A small village. Housing consists of the typical Ethiopian Straw Huts.

The scenery is amazing and dotted with these weird rock formations.

40km from Bahar Dar we take a hike over this 16th Century bridge built by the Portuguese.

Females have a hard life in Ethiopia. A local woman carrying fire wood up a steep hill.

The bridge leads over a gorge that used to see a lot of water from the Blue Nile ...

... but since the completion of the power plant most of the water is diverted.

Our first view of the BLUE NILE WATERFALL.

Due to the power plant water diversion the Waterfall has been reduced to a 1/4 of its original size.

We follow the path of the locals.

The guide takes us to the base of the Waterfall, ...

... which we require to cross this river.

A nice way to cool off.

Ruby gets spray of the waterfall.

Eating sugarcane.

We trek to the top ...

... for one final look back.

Staying at the Ghion Hotel at the shores of Lake Tana in Bahar Dar.

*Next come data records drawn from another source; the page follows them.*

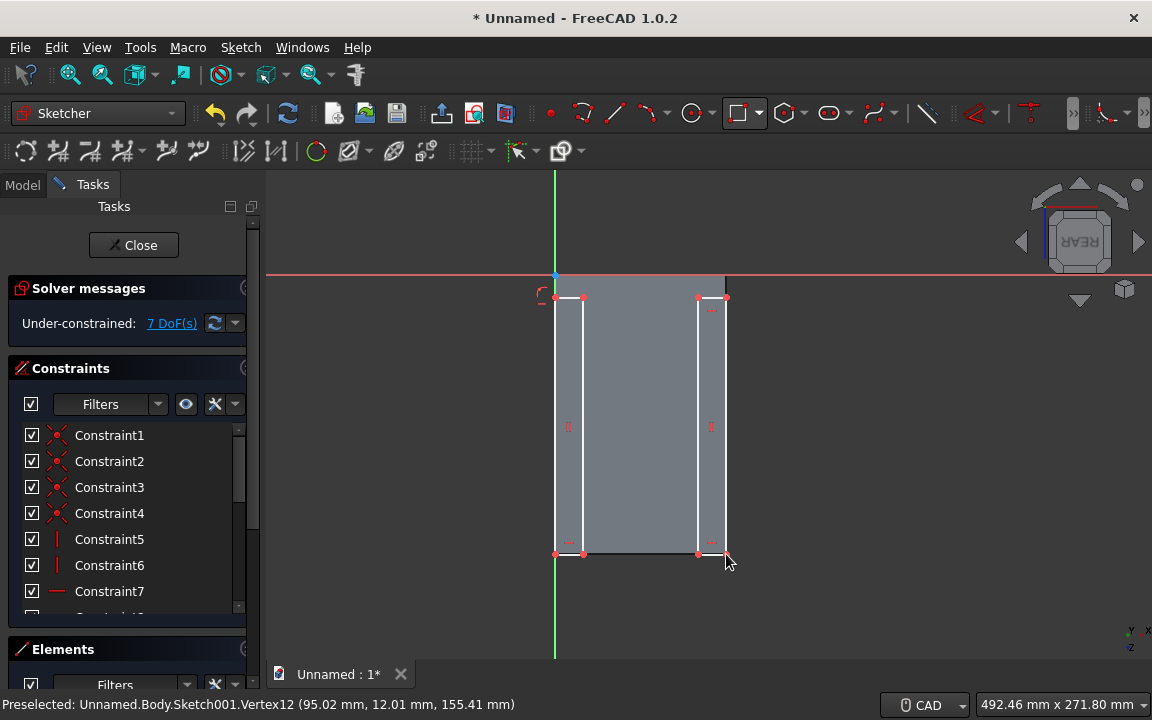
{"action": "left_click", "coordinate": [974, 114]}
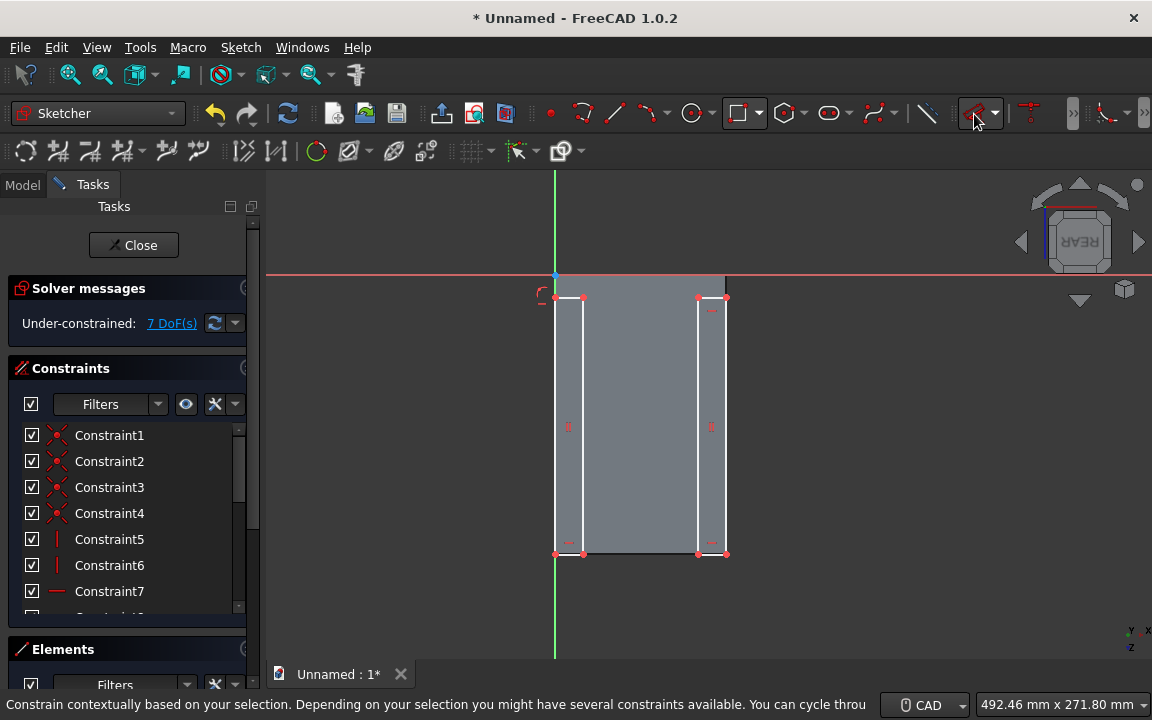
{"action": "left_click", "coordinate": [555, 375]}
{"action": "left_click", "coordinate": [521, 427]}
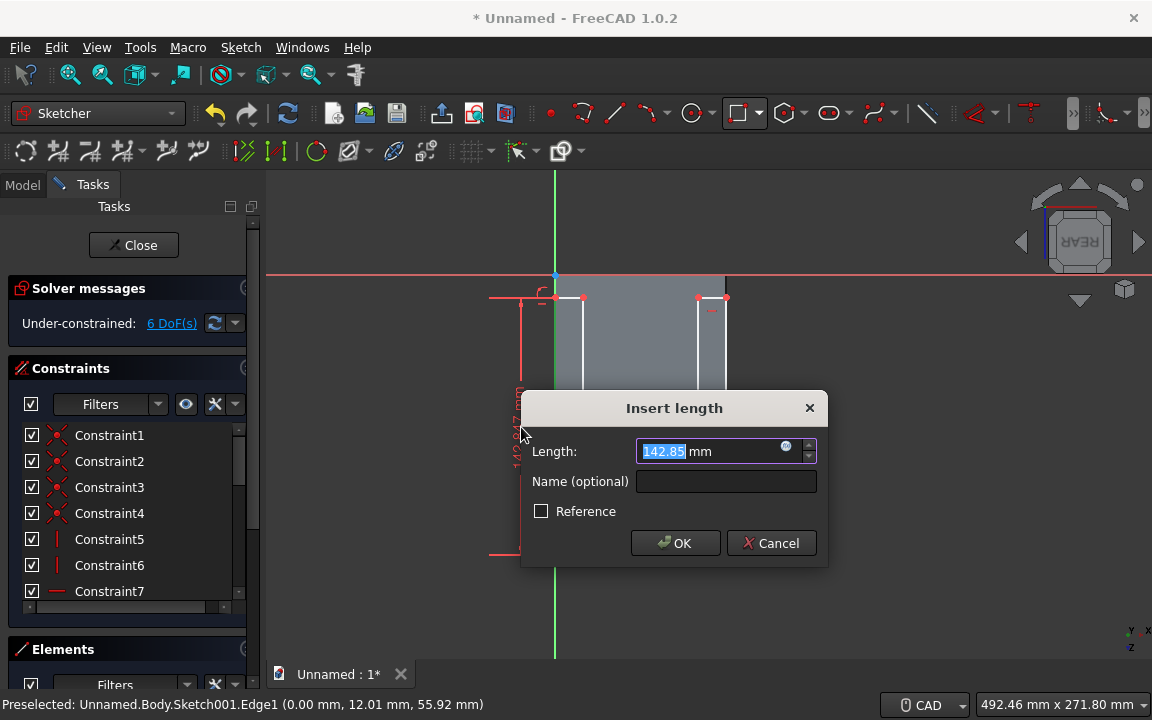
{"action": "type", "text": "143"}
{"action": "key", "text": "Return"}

Our most expensive hotel room in Ethiopia for 125Birr/night ($14.00CDN/night).

Its grounds were filled with beautiful flowers.

A nice place to take a day to recharge.

We meet Katja and Alex from Switzerland in their Overlander.

LAKE TANA, a bit of a disappointment.

The locals taking a bath in the brown muddy water of Lake Tana.

Nov. 25, 2007. We return to Gondar and head north to Simien Mountains.

101km of gravel/dirt road and the most amazing scenery.

We had heard that the road to Aksum was in bad condition, but decided to take the historical route anyway.

At one of our many stops to take pictures of the incredible scenery ...

... we were jointed by curious locals.

We are at approx. 2500m elevation at this point and some are barefoot.

Staying at the Abysin Hotel for 60Birr/night ($6.60CDN/night). Some arrive on Donkey.

Our room at the end.

Nov. 26, 2007. A day trip into the SIMIEN MOUNTAINS NATIONAL PARK.

We climb from 2600m at Debark to 3253m elevation.

The scenery is breathtaking.

The Simien Mountains tower over this canyon.

The vegetation is amazingly green for the elevation.

We stop continuously to take pictures.

This is one of the parks were we are able to take the motorcycles.

Approx. 30km into the park we come upon the GELADA BABOONS.

With the scout at close range we are able to approach the baboons.

Some are humanlike especially in their mannerism.

We could get as close as a couple of meters before they would shy away.

One baboon was cleaning his nails and sitting on a rock just like we would.

Baby Baboons playing on the rock.

It was fascinating to watch them at close range.

They clean each other.

A Baby Baboon hangs on to the tail of Mama Baboon.

More Baby Baboons playing.

As we get deeper into the park the scenery get even more stunning.

The plateau below are cultivated.

This mountain range reminded us of Copper Canyon in Mexico.

Our road as it makes its way further into the Park.

Another 7km onwards we park the motorcycles and ...

... take a stroll.

This viewpoint is directly across the waterfall, ...

... shear cliffs on the side we stand and ...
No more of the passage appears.